NEW YORK — Natural gas prices jumped Thursday after the U.S. government reported that supplies fell by the largest amount ever for this time of year as frigid weather chilled parts of the Canada and the U.S. Midwest and Northeast.
Meanwhile, benchmark crude for January delivery dropped a penny to settle at US$72.65 a barrel. In London, Brent crude for February delivery fell 92 cents to settle at $73.37 on the ICE futures exchange.
A wintry mix of rain and snow kept heaters cranked on high, consuming large stores of natural gas in some of the country’s largest markets like Chicago.
Still, the amount of gas in storage remains 14 per cent above the five-year average for this time of year.
The Energy Information Administration said the U.S. supply of natural gas dropped by 207 billion cubic feet last week, the most ever for this time of year, according to analyst Stephen Schork.
“It was brutally cold,” Schork said. “People have been saying for so long that natural gas is due for a rally and they’ve been wrong all year long. But with a big draw, I expect prices to move higher.”
The natural gas contract for January delivery climbed 30.6 cents, nearly six per cent, to settle at $5.768 per 1,000 cubic feet on the New York Mercantile Exchange.

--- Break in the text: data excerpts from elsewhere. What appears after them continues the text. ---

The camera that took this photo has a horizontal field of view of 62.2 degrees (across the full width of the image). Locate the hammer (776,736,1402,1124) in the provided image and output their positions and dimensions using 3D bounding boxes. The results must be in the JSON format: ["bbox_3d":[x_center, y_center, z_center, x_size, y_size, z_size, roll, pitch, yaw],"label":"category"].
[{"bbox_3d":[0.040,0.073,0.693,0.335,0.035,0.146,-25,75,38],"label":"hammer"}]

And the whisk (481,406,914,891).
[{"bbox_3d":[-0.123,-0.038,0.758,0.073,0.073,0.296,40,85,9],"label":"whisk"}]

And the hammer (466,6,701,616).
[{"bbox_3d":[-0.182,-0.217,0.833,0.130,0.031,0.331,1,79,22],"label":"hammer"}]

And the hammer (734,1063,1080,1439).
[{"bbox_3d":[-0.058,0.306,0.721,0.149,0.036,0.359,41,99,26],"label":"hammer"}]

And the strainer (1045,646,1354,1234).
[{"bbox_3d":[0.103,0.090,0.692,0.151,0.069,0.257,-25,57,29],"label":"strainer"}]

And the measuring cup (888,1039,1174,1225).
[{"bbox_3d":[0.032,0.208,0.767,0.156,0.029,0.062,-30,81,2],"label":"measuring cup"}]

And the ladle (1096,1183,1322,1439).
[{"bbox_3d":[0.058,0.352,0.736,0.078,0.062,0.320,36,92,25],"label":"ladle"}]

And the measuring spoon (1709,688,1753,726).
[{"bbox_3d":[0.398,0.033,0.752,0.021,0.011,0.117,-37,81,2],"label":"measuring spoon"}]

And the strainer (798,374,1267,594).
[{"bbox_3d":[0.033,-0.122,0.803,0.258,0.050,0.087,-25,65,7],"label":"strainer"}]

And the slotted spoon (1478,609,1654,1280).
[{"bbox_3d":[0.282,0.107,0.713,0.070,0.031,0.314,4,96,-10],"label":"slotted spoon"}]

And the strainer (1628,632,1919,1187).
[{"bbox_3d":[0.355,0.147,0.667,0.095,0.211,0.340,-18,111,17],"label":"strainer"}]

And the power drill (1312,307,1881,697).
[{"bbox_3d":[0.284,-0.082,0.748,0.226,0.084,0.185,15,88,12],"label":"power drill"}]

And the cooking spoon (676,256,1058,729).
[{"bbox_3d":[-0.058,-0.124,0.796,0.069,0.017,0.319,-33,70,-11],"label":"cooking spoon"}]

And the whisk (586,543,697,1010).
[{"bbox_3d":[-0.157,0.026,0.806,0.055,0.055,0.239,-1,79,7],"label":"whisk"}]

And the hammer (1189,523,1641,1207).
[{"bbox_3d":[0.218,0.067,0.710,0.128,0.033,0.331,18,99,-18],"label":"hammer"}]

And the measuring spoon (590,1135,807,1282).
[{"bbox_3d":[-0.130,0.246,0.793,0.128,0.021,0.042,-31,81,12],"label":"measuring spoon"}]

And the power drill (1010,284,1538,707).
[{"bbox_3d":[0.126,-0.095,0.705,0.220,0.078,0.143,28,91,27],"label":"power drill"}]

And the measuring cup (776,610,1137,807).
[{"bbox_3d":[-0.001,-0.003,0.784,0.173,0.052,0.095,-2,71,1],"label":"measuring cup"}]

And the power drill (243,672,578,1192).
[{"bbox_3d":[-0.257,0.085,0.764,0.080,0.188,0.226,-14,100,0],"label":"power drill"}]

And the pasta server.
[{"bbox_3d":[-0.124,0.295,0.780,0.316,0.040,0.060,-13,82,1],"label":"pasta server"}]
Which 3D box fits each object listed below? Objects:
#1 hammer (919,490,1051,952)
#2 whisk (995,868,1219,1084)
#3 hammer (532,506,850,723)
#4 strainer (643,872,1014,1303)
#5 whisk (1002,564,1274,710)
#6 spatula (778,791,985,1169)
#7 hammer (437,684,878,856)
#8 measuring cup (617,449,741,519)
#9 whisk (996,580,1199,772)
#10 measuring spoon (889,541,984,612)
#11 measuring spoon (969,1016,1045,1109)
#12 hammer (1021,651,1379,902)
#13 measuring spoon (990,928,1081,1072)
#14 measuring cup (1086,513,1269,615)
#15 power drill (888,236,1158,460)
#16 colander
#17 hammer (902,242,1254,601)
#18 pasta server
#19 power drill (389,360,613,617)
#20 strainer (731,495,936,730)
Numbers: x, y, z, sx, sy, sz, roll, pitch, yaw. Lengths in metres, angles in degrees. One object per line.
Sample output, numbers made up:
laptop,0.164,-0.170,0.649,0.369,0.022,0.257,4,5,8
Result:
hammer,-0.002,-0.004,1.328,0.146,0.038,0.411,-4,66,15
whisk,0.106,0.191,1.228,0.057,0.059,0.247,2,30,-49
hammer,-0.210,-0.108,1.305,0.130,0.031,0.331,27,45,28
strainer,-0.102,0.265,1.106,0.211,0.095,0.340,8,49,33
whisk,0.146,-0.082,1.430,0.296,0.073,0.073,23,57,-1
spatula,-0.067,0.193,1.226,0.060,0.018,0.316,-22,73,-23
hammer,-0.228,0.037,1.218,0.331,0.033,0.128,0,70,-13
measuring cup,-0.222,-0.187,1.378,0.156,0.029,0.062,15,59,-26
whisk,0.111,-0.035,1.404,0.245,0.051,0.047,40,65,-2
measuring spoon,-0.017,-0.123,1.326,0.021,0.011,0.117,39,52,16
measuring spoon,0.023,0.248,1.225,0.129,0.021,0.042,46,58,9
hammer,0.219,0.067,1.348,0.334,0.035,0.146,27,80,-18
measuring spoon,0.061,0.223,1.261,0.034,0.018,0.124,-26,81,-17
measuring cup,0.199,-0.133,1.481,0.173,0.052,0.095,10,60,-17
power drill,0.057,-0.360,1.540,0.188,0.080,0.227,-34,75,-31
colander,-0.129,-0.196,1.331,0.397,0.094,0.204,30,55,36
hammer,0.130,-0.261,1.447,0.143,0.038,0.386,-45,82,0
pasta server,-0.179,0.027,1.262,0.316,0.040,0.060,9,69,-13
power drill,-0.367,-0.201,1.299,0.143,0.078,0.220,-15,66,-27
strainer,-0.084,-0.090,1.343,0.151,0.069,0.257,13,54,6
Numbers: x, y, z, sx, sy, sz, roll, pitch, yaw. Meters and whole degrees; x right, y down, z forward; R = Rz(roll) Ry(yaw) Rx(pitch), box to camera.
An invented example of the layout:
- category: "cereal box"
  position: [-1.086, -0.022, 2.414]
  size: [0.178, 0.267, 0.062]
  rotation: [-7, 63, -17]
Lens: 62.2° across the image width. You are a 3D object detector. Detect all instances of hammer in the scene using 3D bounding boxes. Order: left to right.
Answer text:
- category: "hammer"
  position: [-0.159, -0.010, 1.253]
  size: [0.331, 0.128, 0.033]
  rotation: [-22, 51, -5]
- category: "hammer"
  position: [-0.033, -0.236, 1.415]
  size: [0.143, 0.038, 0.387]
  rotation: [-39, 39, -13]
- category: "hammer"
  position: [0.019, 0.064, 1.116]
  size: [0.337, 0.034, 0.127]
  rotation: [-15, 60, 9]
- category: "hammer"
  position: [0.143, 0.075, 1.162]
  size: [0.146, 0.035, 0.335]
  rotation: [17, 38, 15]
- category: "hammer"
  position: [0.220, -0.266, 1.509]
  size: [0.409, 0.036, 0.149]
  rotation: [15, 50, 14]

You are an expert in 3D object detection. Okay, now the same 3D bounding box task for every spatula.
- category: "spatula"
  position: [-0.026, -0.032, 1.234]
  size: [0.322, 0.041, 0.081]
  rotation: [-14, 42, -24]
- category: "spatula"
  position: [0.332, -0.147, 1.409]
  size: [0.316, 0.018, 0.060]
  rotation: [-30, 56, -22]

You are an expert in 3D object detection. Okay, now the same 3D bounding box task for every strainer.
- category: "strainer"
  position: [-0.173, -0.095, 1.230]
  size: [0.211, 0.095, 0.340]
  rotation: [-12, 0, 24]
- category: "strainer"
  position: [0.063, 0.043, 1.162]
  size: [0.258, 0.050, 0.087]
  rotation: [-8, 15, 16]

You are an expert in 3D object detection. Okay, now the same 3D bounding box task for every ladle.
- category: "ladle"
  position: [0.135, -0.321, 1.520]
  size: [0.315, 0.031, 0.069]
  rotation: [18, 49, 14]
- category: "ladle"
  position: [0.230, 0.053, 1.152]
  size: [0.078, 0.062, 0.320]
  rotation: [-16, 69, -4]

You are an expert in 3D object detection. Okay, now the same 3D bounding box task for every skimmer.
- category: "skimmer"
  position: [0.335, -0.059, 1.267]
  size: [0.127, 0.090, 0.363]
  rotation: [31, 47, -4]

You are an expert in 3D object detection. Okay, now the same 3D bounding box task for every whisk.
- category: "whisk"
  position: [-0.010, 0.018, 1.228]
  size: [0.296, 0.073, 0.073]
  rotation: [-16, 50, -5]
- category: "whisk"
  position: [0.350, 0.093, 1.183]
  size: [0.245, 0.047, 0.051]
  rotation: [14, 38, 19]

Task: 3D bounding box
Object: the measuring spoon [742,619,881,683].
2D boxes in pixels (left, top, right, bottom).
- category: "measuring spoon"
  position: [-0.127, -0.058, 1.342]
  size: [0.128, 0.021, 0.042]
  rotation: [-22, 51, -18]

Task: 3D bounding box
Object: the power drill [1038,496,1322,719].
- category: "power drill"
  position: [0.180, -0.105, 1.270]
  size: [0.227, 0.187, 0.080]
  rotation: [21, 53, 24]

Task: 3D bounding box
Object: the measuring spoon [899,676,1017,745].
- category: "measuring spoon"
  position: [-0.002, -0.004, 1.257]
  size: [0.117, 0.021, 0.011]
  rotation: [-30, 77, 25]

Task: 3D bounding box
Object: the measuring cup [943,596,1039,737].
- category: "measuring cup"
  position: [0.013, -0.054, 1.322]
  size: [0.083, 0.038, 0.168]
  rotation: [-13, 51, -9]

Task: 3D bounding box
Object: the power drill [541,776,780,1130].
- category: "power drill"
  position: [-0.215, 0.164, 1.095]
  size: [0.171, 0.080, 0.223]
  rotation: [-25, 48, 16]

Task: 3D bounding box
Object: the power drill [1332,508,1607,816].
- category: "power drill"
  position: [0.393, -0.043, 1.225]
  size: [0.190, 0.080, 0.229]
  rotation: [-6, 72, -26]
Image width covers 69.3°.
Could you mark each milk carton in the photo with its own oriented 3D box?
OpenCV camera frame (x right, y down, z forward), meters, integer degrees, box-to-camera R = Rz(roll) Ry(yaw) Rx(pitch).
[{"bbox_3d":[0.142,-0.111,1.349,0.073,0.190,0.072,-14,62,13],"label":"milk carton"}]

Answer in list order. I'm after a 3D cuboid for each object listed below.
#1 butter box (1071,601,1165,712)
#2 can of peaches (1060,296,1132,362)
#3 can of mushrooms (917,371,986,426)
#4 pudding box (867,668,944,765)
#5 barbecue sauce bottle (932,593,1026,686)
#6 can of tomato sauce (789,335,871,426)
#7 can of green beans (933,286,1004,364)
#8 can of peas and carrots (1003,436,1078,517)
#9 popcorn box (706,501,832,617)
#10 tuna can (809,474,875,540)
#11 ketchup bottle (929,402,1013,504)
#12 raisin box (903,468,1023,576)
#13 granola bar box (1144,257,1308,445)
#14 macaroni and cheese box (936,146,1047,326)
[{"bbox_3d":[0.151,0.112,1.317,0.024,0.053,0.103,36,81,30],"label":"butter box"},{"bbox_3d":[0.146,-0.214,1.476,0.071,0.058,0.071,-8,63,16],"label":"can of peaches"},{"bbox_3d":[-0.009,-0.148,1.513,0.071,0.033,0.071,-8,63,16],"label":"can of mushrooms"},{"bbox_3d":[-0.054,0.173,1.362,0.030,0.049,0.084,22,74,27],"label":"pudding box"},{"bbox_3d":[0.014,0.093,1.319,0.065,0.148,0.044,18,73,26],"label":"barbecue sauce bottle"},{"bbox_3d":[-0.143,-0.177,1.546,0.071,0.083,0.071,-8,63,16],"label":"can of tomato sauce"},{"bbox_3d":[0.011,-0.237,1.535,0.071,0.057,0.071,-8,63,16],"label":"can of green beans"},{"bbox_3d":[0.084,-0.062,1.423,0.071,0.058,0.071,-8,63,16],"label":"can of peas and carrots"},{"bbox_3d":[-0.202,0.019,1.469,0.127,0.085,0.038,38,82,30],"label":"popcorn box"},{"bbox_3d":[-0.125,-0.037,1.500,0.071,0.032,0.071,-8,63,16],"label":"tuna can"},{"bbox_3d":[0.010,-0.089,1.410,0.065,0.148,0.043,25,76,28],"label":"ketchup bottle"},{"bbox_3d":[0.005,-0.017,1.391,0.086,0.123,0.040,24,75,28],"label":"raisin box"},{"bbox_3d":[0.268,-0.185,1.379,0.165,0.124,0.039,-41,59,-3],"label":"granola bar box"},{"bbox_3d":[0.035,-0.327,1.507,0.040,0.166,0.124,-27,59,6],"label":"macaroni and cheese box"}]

Natural gas prices had slumped all year as the economy struggled to pull itself from recession. Supplies finally started falling this month, but only after underground storage caverns were crammed to near capacity.
Energy prices tend to rise when the weather cools, and this year is no different. Natural gas prices have doubled since September, but they’re only slightly more expensive than a year ago.
In other Nymex trading in January contracts, heating oil fell less than a penny to settle at $1.9574 a gallon while gasoline fell 2.19 cents to settle at $1.852 a gallon.